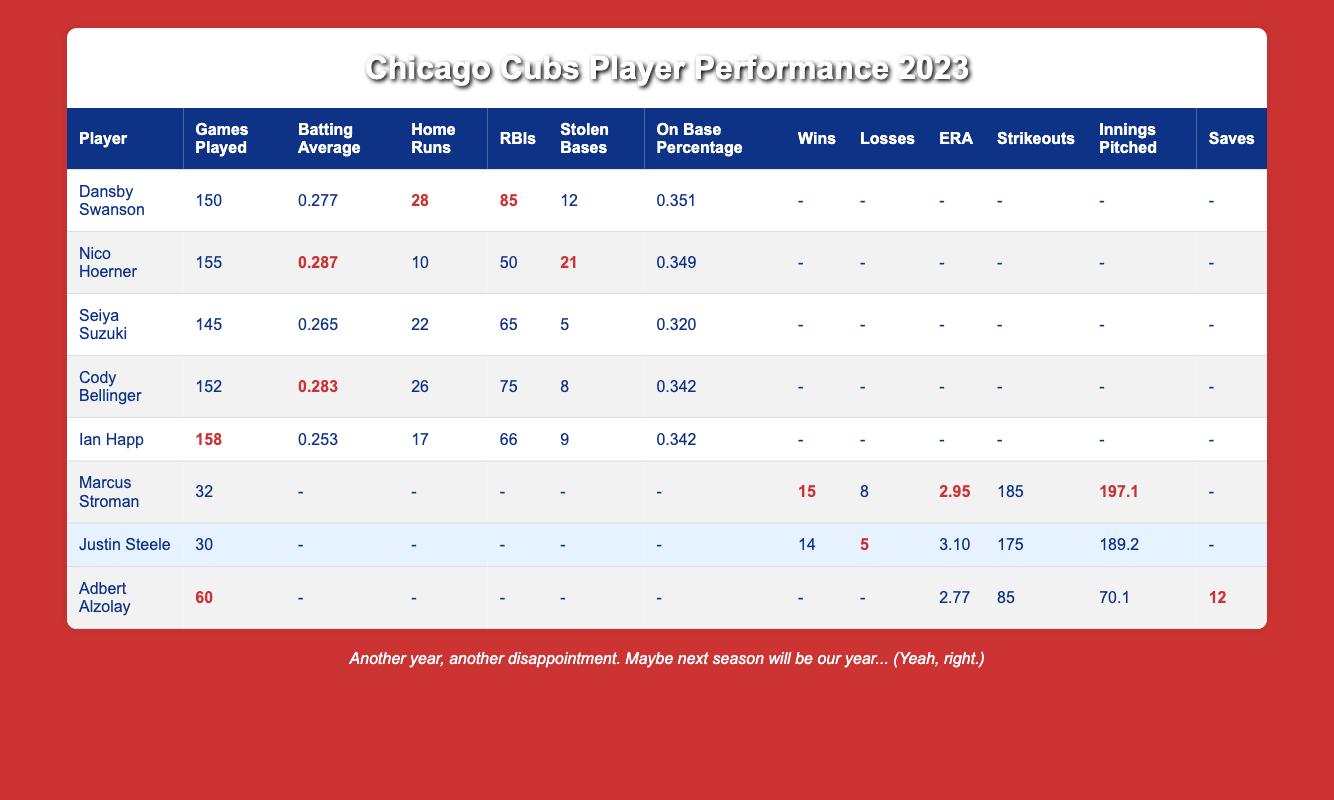What is Dansby Swanson's batting average? Dansby Swanson's batting average is provided in the table. It's the column labeled "Batting Average" next to his name, which shows a value of 0.277.
Answer: 0.277 Who played the most games in the 2023 season? The table shows the "Games Played" for each player. Ian Happ played the most games at 158, which is the highest value in that column.
Answer: 158 How many home runs did Cody Bellinger hit? Cody Bellinger’s home runs can be found in the “Home Runs” column. His row shows a value of 26.
Answer: 26 What is the total number of RBIs (Runs Batted In) for the three players: Dansby Swanson, Cody Bellinger, and Seiya Suzuki? To find the total RBIs, we add the values from the three players: 85 (Swanson) + 75 (Bellinger) + 65 (Suzuki) = 225.
Answer: 225 Did Nico Hoerner have more than 20 stolen bases? By looking at the "Stolen Bases" column for Nico Hoerner, we see that he had 21 stolen bases, which is indeed greater than 20.
Answer: Yes What is the average batting average of the players mentioned in the table? The batting averages of the players are 0.277, 0.287, 0.265, 0.283, and 0.253. To find the average, sum these values (0.277 + 0.287 + 0.265 + 0.283 + 0.253 = 1.365) and divide by the number of players (5), which gives: 1.365 / 5 = 0.273.
Answer: 0.273 Which player has the lowest earned run average (ERA) among the pitchers? The "ERA" column shows values for Marcus Stroman (2.95), Justin Steele (3.10), and Adbert Alzolay (2.77). The lowest is 2.77 for Adbert Alzolay.
Answer: 2.77 How many strikeouts did Marcus Stroman achieve? The "Strikeouts" column under Marcus Stroman indicates he achieved 185 strikeouts.
Answer: 185 What is the combined number of wins for Stroman and Steele? We add the wins for both players: 15 (Stroman) + 14 (Steele) = 29.
Answer: 29 Did any player have a batting average over 0.280? In the table, we look at the "Batting Average" column and see that Dansby Swanson (0.277), Cody Bellinger (0.283), and Nico Hoerner (0.287) have averages above 0.280.
Answer: Yes Which player had the most stolen bases? The "Stolen Bases" column shows that Nico Hoerner had the most with 21.
Answer: 21
********
Return the records above in their entirety, word for word, with the pictures removed.

What is Dansby Swanson's batting average? Dansby Swanson's batting average is provided in the table. It's the column labeled "Batting Average" next to his name, which shows a value of 0.277.
Answer: 0.277 Who played the most games in the 2023 season? The table shows the "Games Played" for each player. Ian Happ played the most games at 158, which is the highest value in that column.
Answer: 158 How many home runs did Cody Bellinger hit? Cody Bellinger’s home runs can be found in the “Home Runs” column. His row shows a value of 26.
Answer: 26 What is the total number of RBIs (Runs Batted In) for the three players: Dansby Swanson, Cody Bellinger, and Seiya Suzuki? To find the total RBIs, we add the values from the three players: 85 (Swanson) + 75 (Bellinger) + 65 (Suzuki) = 225.
Answer: 225 Did Nico Hoerner have more than 20 stolen bases? By looking at the "Stolen Bases" column for Nico Hoerner, we see that he had 21 stolen bases, which is indeed greater than 20.
Answer: Yes What is the average batting average of the players mentioned in the table? The batting averages of the players are 0.277, 0.287, 0.265, 0.283, and 0.253. To find the average, sum these values (0.277 + 0.287 + 0.265 + 0.283 + 0.253 = 1.365) and divide by the number of players (5), which gives: 1.365 / 5 = 0.273.
Answer: 0.273 Which player has the lowest earned run average (ERA) among the pitchers? The "ERA" column shows values for Marcus Stroman (2.95), Justin Steele (3.10), and Adbert Alzolay (2.77). The lowest is 2.77 for Adbert Alzolay.
Answer: 2.77 How many strikeouts did Marcus Stroman achieve? The "Strikeouts" column under Marcus Stroman indicates he achieved 185 strikeouts.
Answer: 185 What is the combined number of wins for Stroman and Steele? We add the wins for both players: 15 (Stroman) + 14 (Steele) = 29.
Answer: 29 Did any player have a batting average over 0.280? In the table, we look at the "Batting Average" column and see that Dansby Swanson (0.277), Cody Bellinger (0.283), and Nico Hoerner (0.287) have averages above 0.280.
Answer: Yes Which player had the most stolen bases? The "Stolen Bases" column shows that Nico Hoerner had the most with 21.
Answer: 21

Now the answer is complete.